◆ **Records shown**
+++

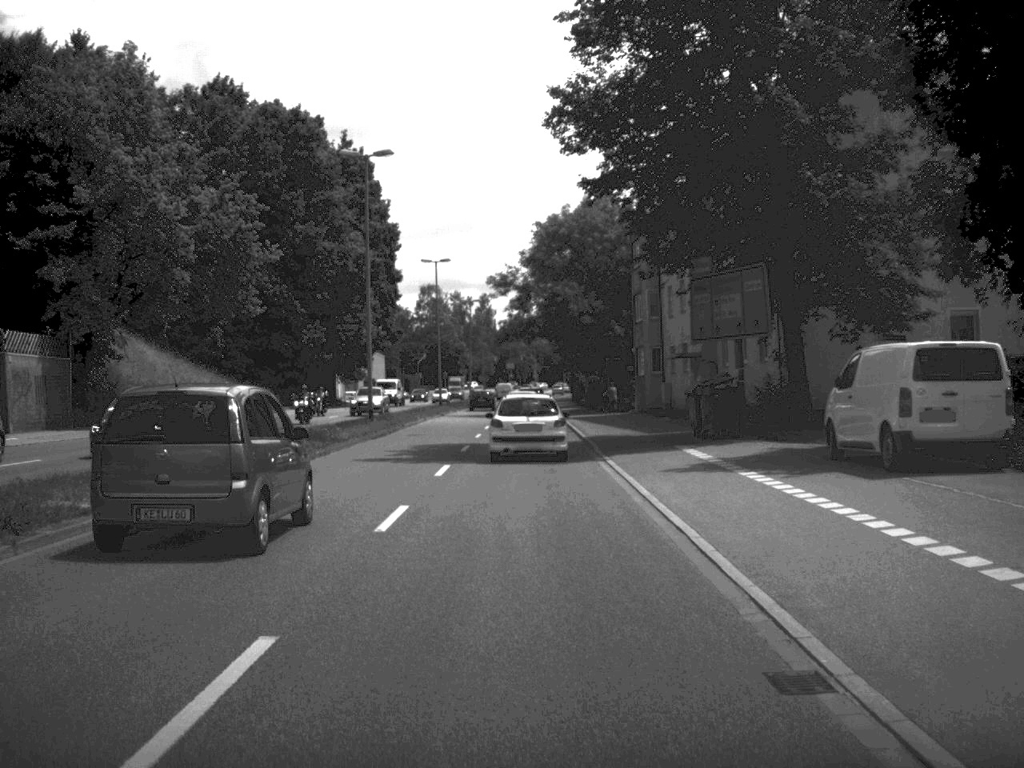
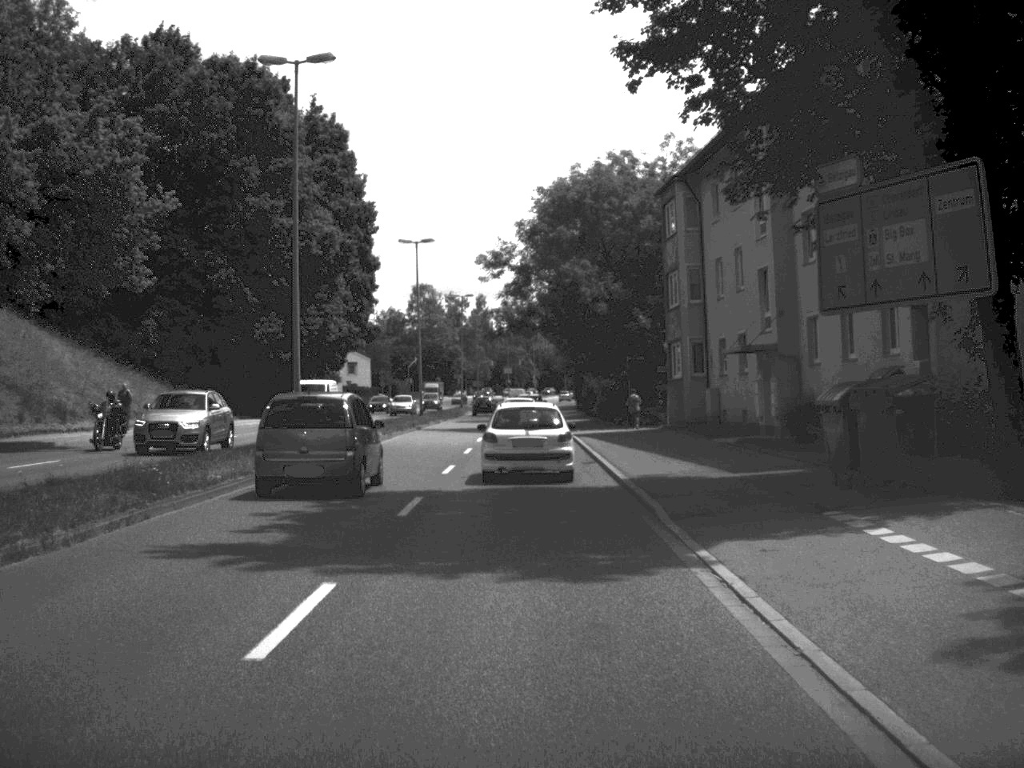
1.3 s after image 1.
(0.0, +15.2) m; 0°
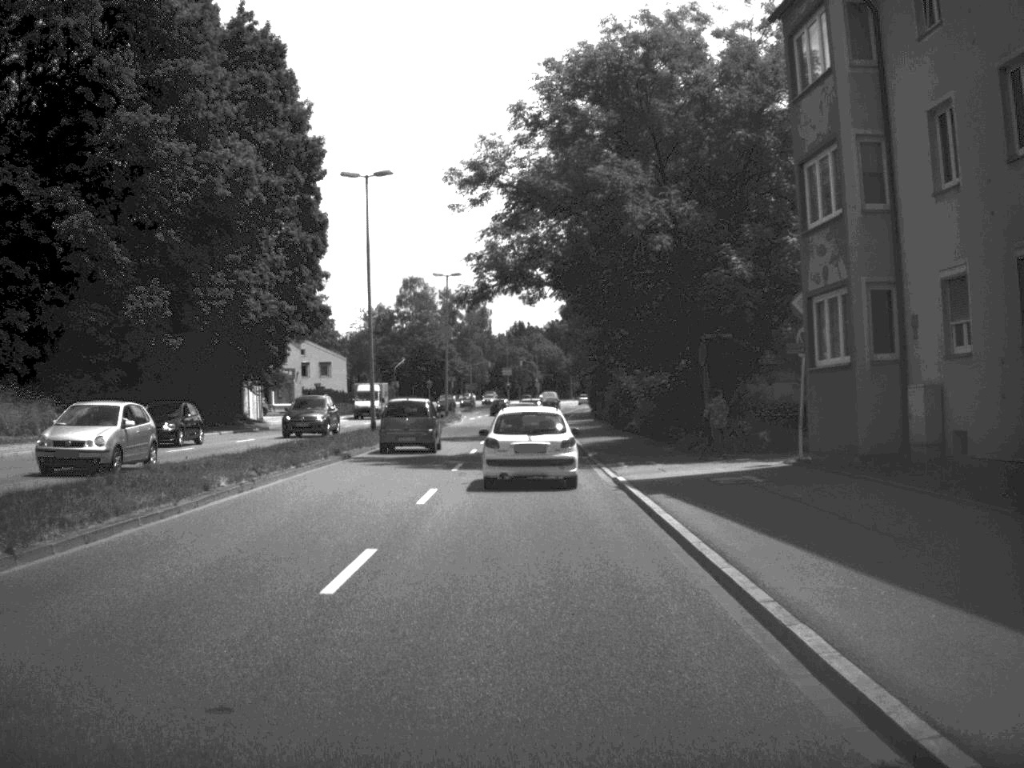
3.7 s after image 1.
(0.0, +23.8) m; 0°
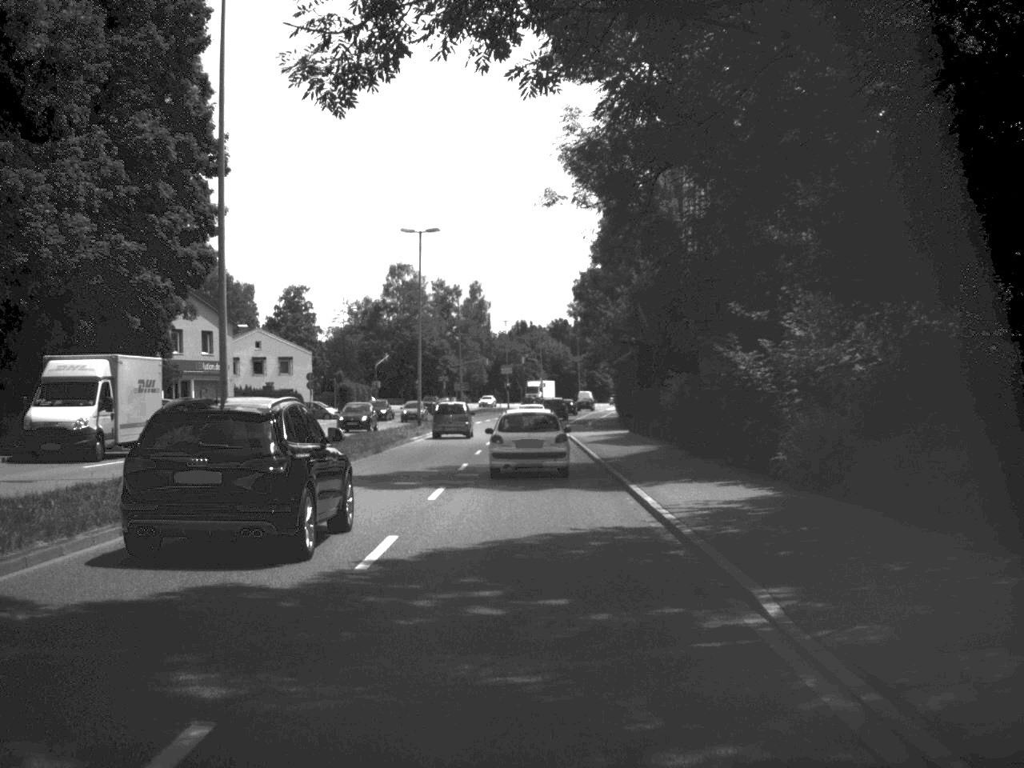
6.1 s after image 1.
(-0.1, +25.0) m; 0°
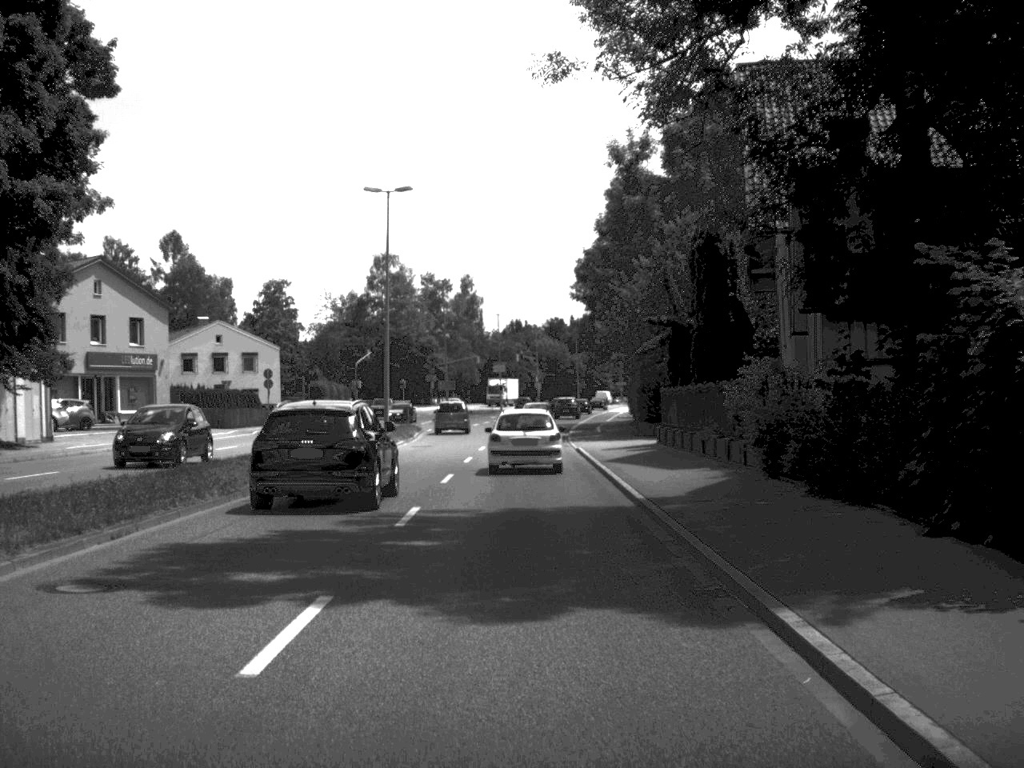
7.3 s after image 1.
(0.0, +13.3) m; 0°
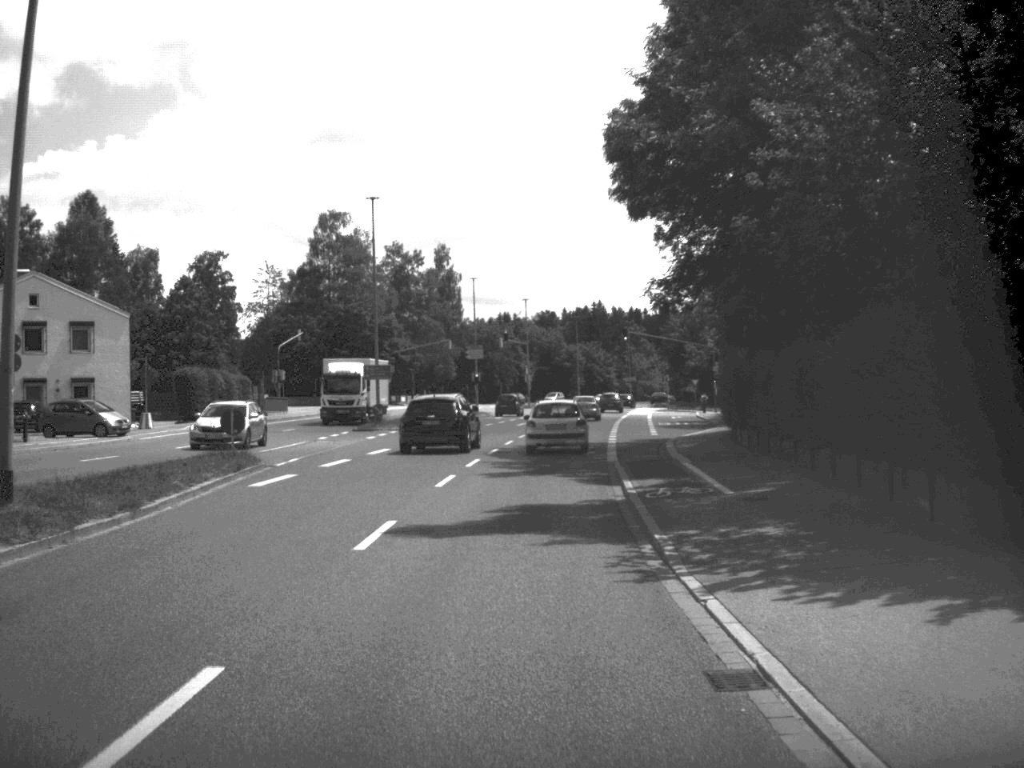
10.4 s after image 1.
(+0.1, +38.4) m; 0°
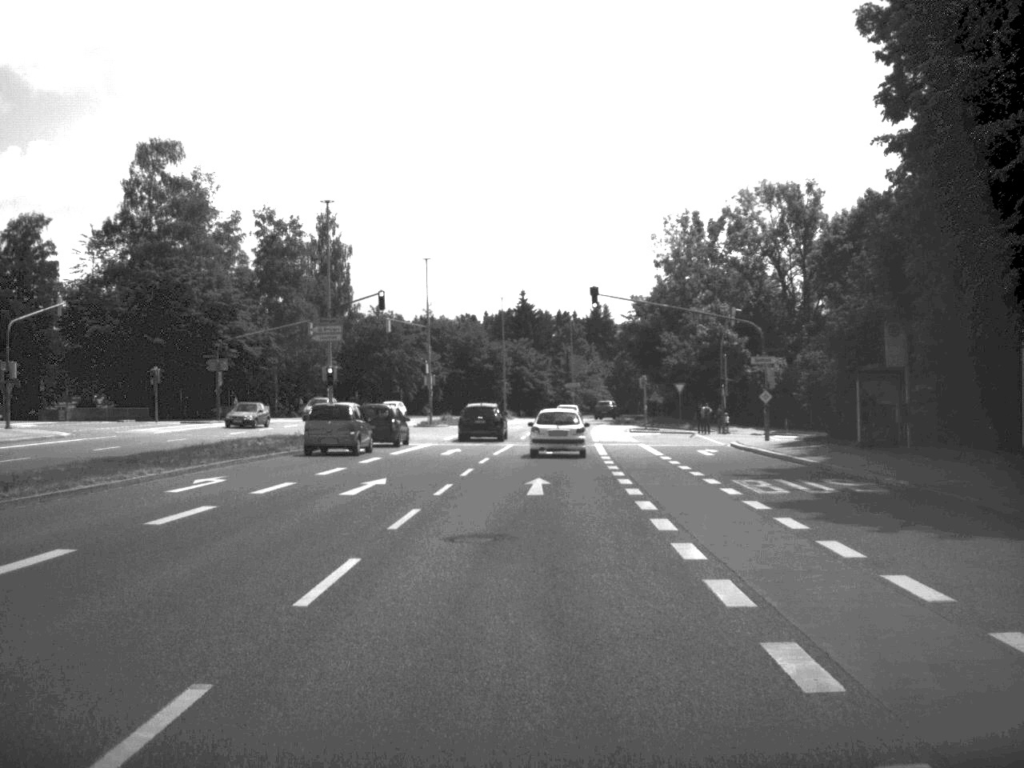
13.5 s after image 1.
(+1.1, +41.9) m; +3°

+++

◆ **What to work on**
Repeat all of the entries word for word, but omit the pictures.

◆ **Reply to the exercise**
1.3 s after image 1.
(0.0, +15.2) m; 0°
3.7 s after image 1.
(0.0, +23.8) m; 0°
6.1 s after image 1.
(-0.1, +25.0) m; 0°
7.3 s after image 1.
(0.0, +13.3) m; 0°
10.4 s after image 1.
(+0.1, +38.4) m; 0°
13.5 s after image 1.
(+1.1, +41.9) m; +3°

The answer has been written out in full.